Brandon Beomseob Park, Nikolaos Frantzeskakis, and Jungsub Shin. 2019. "Who is responsible? The effect of clarity of responsibility on voter turnout," West European Politics 42.3: 464-494. [Preprint] [Replication materials]

Does voters’ ability to discern who is responsible for policy outcomes affect voter turnout? Although particular institutional arrangements which influence this ability – known as clarity of responsibility – appear to affect how voters form retrospective judgements, existing literature is less informed about its role on voter turnout. This article argues that voters tend to turn out less if they cannot discern who is responsible for policy outcomes. This lack of clarity hinders the process of retrospective evaluations, makes the electoral stakes less profound, and dampens the voters’ political efficacy. Using 396 elections in 34 established democracies between 1960 and 2015, it is found that lower clarity of responsibility is associated with lower voter turnout. This study highlights the importance of clarity of responsibility, as it enhances democratic accountability, not only by encouraging retrospective voting, but also by increasing political participation.


Editor Reviewed:

Nikolaos Frantzeskakis, Michael Wahman, and Tevfik Murat Yildirim. 2021. "Malawi: Parliamentary Debate under Executive Dominance" in Bäck Hanna, Marc Debus, and Jorge M. Fernandes (Ed.). The Politics of Legislative Debate. Oxford University Press.

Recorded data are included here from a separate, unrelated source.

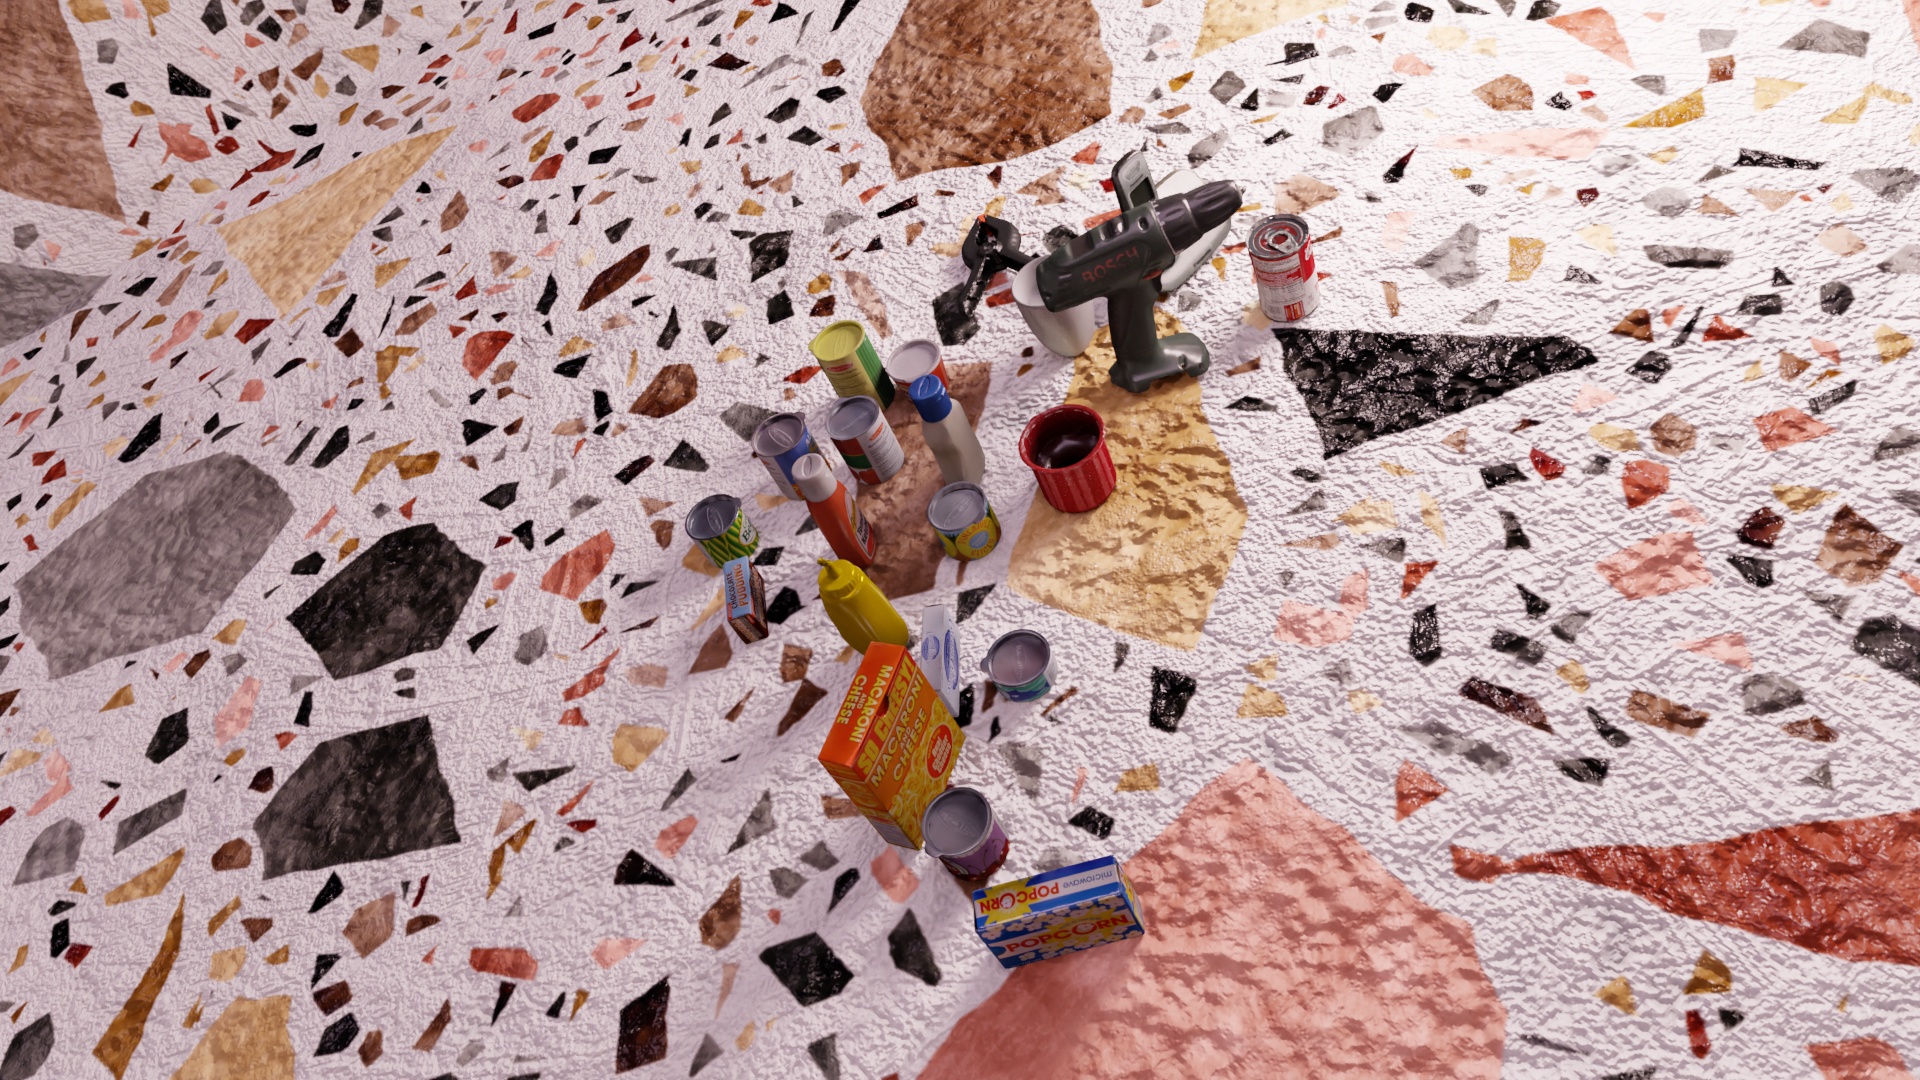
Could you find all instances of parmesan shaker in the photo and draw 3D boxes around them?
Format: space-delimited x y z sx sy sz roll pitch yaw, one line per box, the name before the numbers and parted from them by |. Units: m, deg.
parmesan shaker | -0.128 -0.202 1.643 0.071 0.102 0.072 -12 50 14

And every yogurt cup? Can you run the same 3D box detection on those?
yogurt cup | -0.047 -0.196 1.638 0.072 0.053 0.073 -12 50 14

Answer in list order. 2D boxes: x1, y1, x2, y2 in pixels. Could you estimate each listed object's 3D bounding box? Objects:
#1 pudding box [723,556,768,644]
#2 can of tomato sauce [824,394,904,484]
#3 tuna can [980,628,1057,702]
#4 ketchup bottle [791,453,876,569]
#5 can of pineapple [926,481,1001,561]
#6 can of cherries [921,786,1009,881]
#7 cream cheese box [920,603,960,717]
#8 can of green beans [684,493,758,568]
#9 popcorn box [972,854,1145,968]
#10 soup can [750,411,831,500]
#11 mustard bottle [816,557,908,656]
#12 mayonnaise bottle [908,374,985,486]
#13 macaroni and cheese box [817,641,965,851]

This chapter represents one of the very first quantitative analyses of parliamentary speechmaking in an African democracy. Looking at Malawi in the parliamentary term 2009–2014, we find that MPs in ministerial positions and party leadership speak significantly more than other MPs. We also find that those representing the major opposition party speak significantly more than other MPs. Given the candidate-centric nature of Malawian parliamentary politics and high levels of formal parliamentary openness, these findings run counter to the theory presented in this volume. We suggest that in order to understand speechmaking in the Malawi parliament, one has to take into account both the generally weak position of the legislature vis-à-vis the executive and the role-orientation of Malawian MPs. In a system with high MP turnover rates and ignificant local developmental needs, MPs tend to prioritize constituency development over contributions to the national legislative agenda. With resources highly centered on the executive, backbench MPs are unlikely to see significant benefits in pursuing an active legislative agenda. Consequently, MPs representing the government or those higher in opposition party hierarchies can dominate parliamentary speechmaking.